Improving Music Source Separation through Feature-Informed Latent Space Regularization

Home AI News Improving Music Source Separation through Feature-Informed Latent Space Regularization

Improving Music Source Separation through Feature-Informed Latent Space Regularization

Introduction
Background Music Source Separation
Challenges with Current Source Separation Systems
Transfer Learning Approach for Source Separation
Student-Teacher Learning for Knowledge Distillation
Proposed System Architecture
Regularization Methods for Knowledge Transfer
- Co-contrastive Regularization
- Distance-Based Regularization
Experimentation and Results
- Evaluation Metrics
- Comparison of Regularization Methods
- Extension to Classification Tasks
Conclusion
References

Introduction

Music source separation is a technique used to separate individual tracks for each instrument from a mixture of music. This process has various applications, such as remixing, creating karaoke tracks, and building hearing aid systems. However, one of the challenges in current source separation systems is the lack of training data. Existing datasets for source separation contain relatively small amounts of training data compared to other domains, such as speech and image processing. In this work, we explore the possibility of using transfer learning to address this issue.

Background Music Source Separation

Music source separation aims to separate individual instrument tracks from a mixed music signal. This process is essential for various applications in the music industry, including remixing, karaoke creation, and hearing aid systems. By separating each instrument track, we can manipulate the audio independently and Create new versions of the original music.

Challenges with Current Source Separation Systems

One of the main challenges in current source separation systems is the limited availability of training data. Existing datasets, such as Muse db18, contain only a few hours of training data. This lack of training data hampers the performance of source separation algorithms, as they struggle to generalize well to different music genres and instrument combinations. To overcome this challenge, we propose exploring the use of transfer learning.

Transfer Learning Approach for Source Separation

Transfer learning is a technique that leverages knowledge learned from one domain to improve performance in another domain. In our case, we aim to train a large-Scale pre-trained model on a dataset with a significant amount of training data, such as AudioSet. We then utilize the learned features from this pre-trained model to aid the downstream task of music source separation.

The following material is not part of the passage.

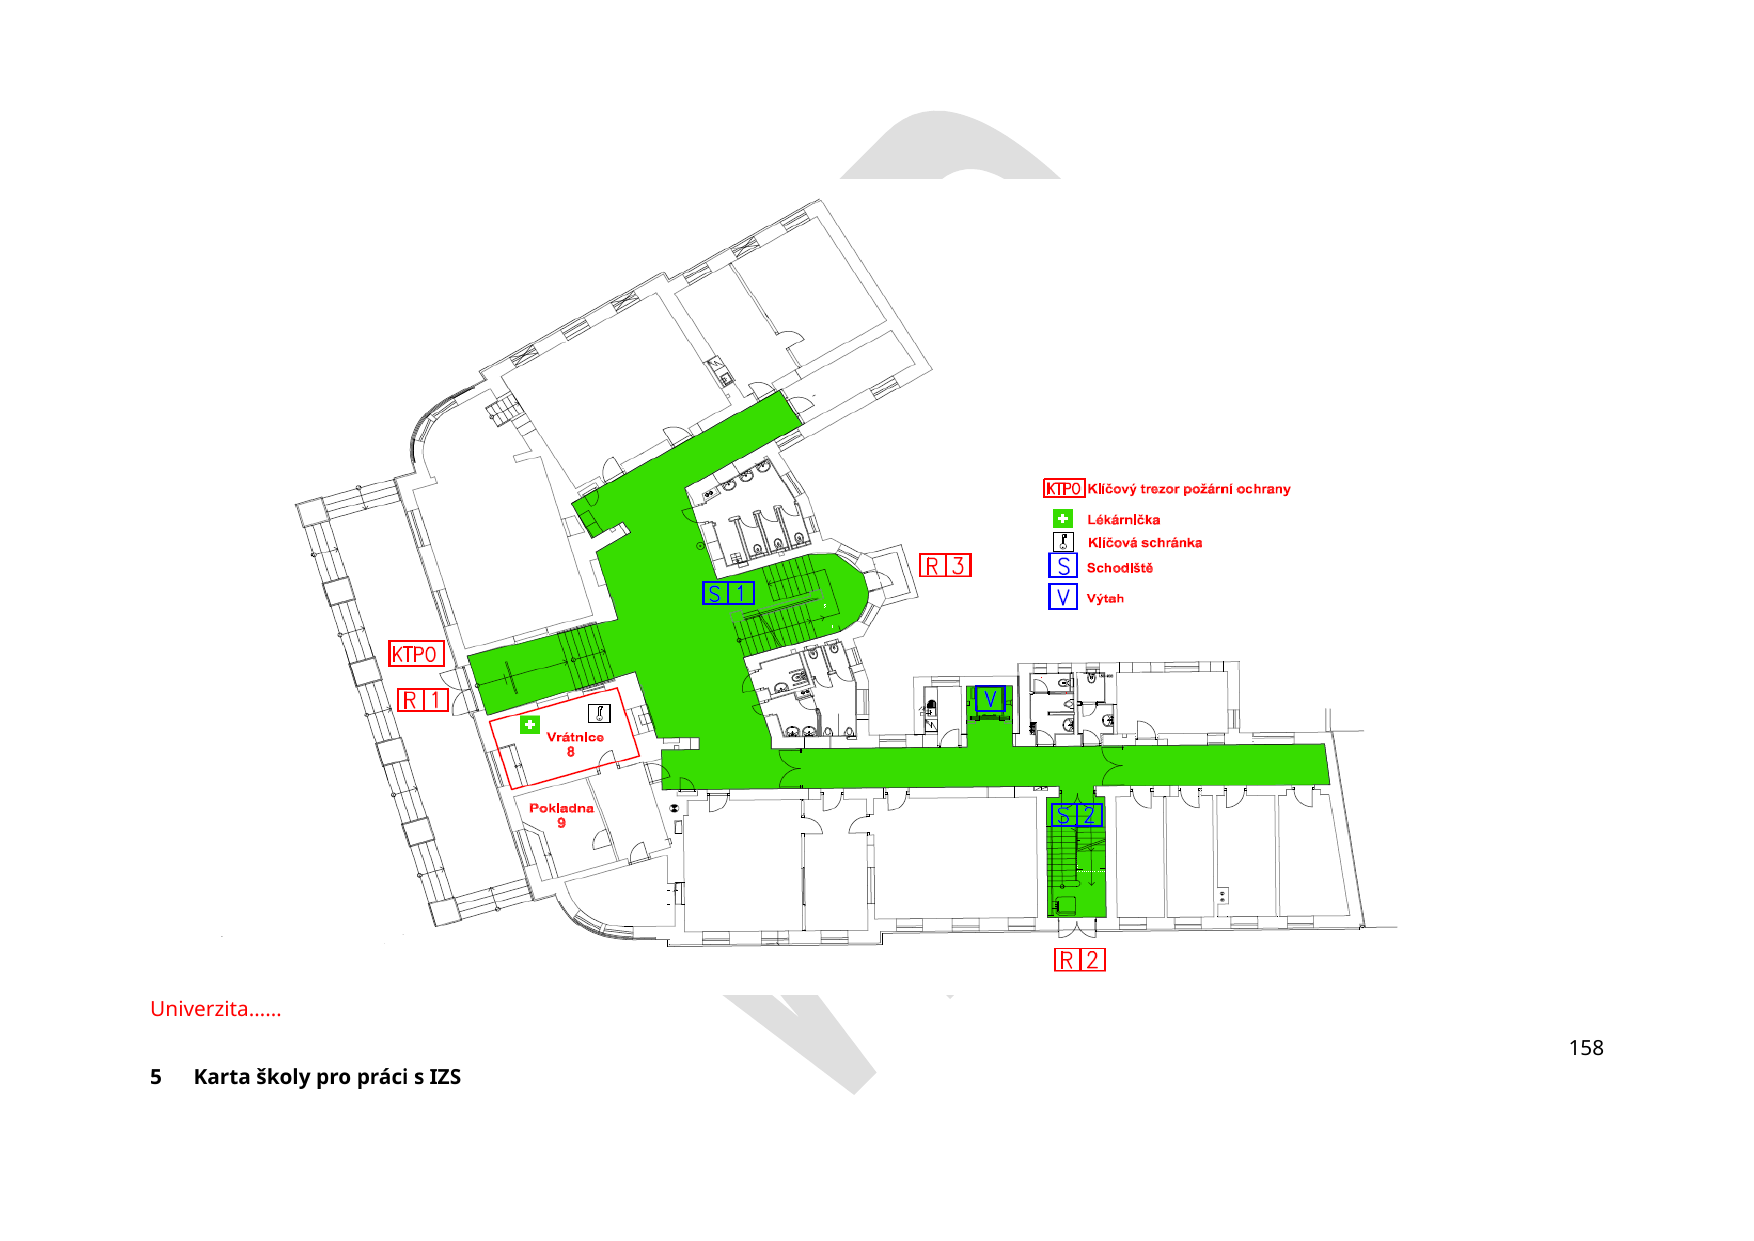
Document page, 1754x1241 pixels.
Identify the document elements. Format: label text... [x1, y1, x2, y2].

text [819, 184, 1604, 1023]
text [774, 995, 792, 1010]
text Univerzita…… [150, 184, 757, 1023]

Student-Teacher Learning for Knowledge Distillation

One approach to incorporating transfer learning in source separation is through student-teacher learning. In this method, the pre-trained model acts as the teacher, and the source separation system acts as the student. During training, the teacher model transfers its knowledge to the student model. However, during inference, we no longer require the presence of the pre-trained model, reducing computational burden.

Proposed System Architecture

Our proposed system architecture consists of two main components: the source separation system and the pre-trained feature extractor. The source separation system takes in the audio input, extracts an embedding space through an encoder-decoder structure, and reconstructs the individual instrument tracks. We choose the state-of-the-art system, Cross-OpenUnmix, for our experiments. The pre-trained feature extractor is a VGG-like model trained on the AudioSet dataset, which contains a significant amount of training data.

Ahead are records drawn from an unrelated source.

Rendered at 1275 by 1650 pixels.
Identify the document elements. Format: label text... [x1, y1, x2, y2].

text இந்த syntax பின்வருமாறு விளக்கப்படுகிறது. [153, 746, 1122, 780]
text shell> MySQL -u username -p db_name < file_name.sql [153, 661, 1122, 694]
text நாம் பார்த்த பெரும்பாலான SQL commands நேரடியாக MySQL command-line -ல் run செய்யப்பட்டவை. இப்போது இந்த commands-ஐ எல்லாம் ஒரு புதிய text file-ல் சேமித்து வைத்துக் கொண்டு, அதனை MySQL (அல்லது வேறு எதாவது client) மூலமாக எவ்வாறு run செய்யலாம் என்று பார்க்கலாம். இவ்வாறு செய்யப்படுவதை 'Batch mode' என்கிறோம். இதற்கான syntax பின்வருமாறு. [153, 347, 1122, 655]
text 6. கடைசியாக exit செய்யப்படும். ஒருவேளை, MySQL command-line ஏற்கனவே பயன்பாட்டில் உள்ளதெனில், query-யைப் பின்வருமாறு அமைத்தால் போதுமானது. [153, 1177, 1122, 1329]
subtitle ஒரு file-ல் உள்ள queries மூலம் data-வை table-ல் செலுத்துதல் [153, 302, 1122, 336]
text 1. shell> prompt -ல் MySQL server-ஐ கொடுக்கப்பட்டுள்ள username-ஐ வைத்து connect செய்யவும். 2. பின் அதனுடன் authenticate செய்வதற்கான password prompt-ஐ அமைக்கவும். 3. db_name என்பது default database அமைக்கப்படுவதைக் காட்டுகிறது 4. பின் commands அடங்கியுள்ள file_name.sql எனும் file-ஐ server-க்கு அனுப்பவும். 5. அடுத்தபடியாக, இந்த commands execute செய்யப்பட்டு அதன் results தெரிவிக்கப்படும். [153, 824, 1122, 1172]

Regularization Methods for Knowledge Transfer

To transfer the discriminative power of the pre-trained feature extractor to the embedding space of the source separation system, we propose two regularization methods: co-contrastive regularization and distance-based regularization. Co-contrastive regularization minimizes the Cosine similarity between the embedding space and the VGG feature if they are from the same instrument category. Distance-based regularization ensures that the distances between embeddings mimic the distances between corresponding VGG features.

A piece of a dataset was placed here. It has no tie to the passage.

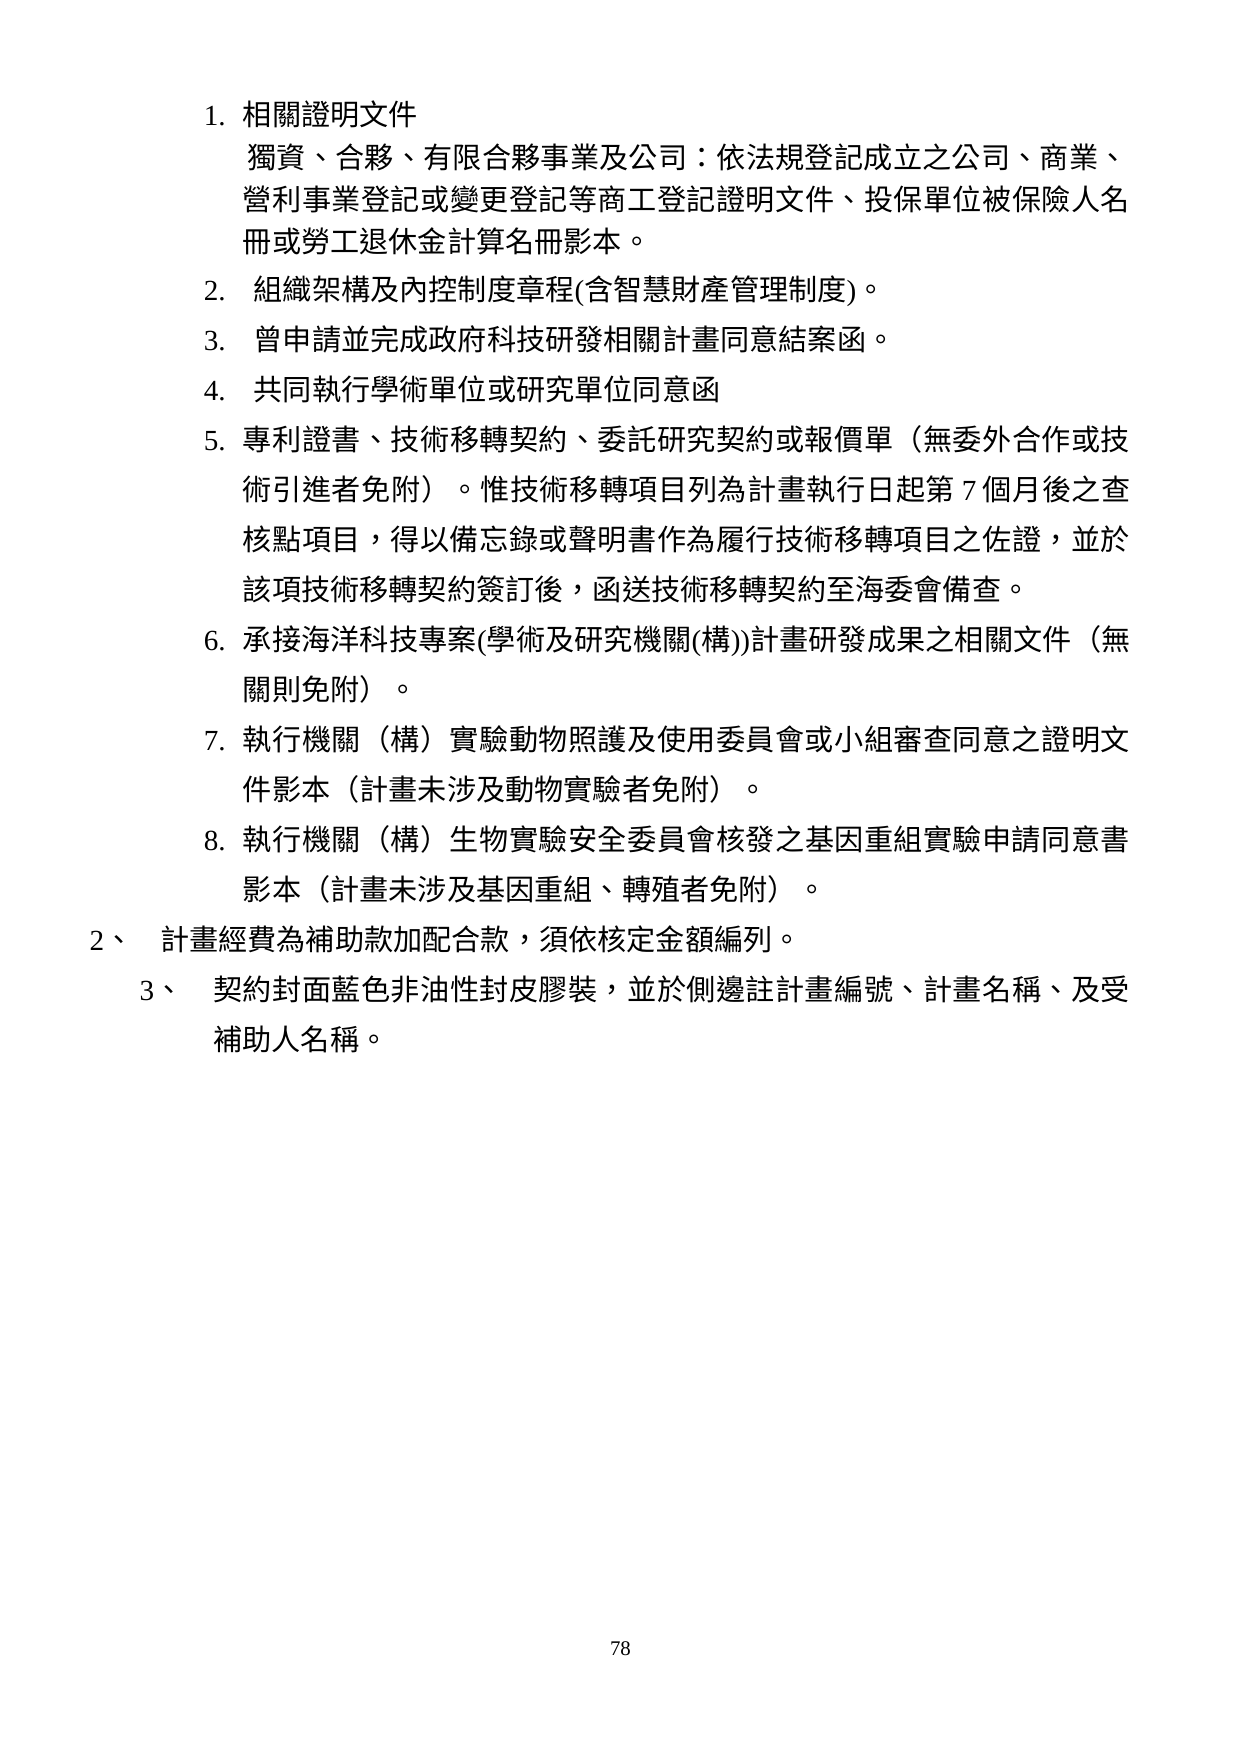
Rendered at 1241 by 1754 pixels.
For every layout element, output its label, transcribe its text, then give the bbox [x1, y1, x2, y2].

Experimentation and Results

We conducted experiments using the Muse db18 dataset, which contains four instrument sources: vocals, bass, drums, and others. We evaluated the performance using three metrics: source-to-distortion ratio (SDR), source-to-interference ratio (SIR), and source-to-Artifact ratio (SAR). The results Show that our proposed regularization methods improve SIR and SAR scores, reducing interference and artifacts in the separated sources. Distance-based regularization outperformed co-contrastive regularization in most cases.

Conclusion

In this work, we explored the use of transfer learning for music source separation. We proposed a student-teacher learning approach and regularization methods to transfer knowledge from a pre-trained feature extractor to the source separation system. Our experiments demonstrated improvements in source-to-interference and source-to-artifact ratios, indicating the effectiveness of our approach. Further experimentation on classification tasks also showcased the discriminative power of our proposed methods in audio tagging and music classification.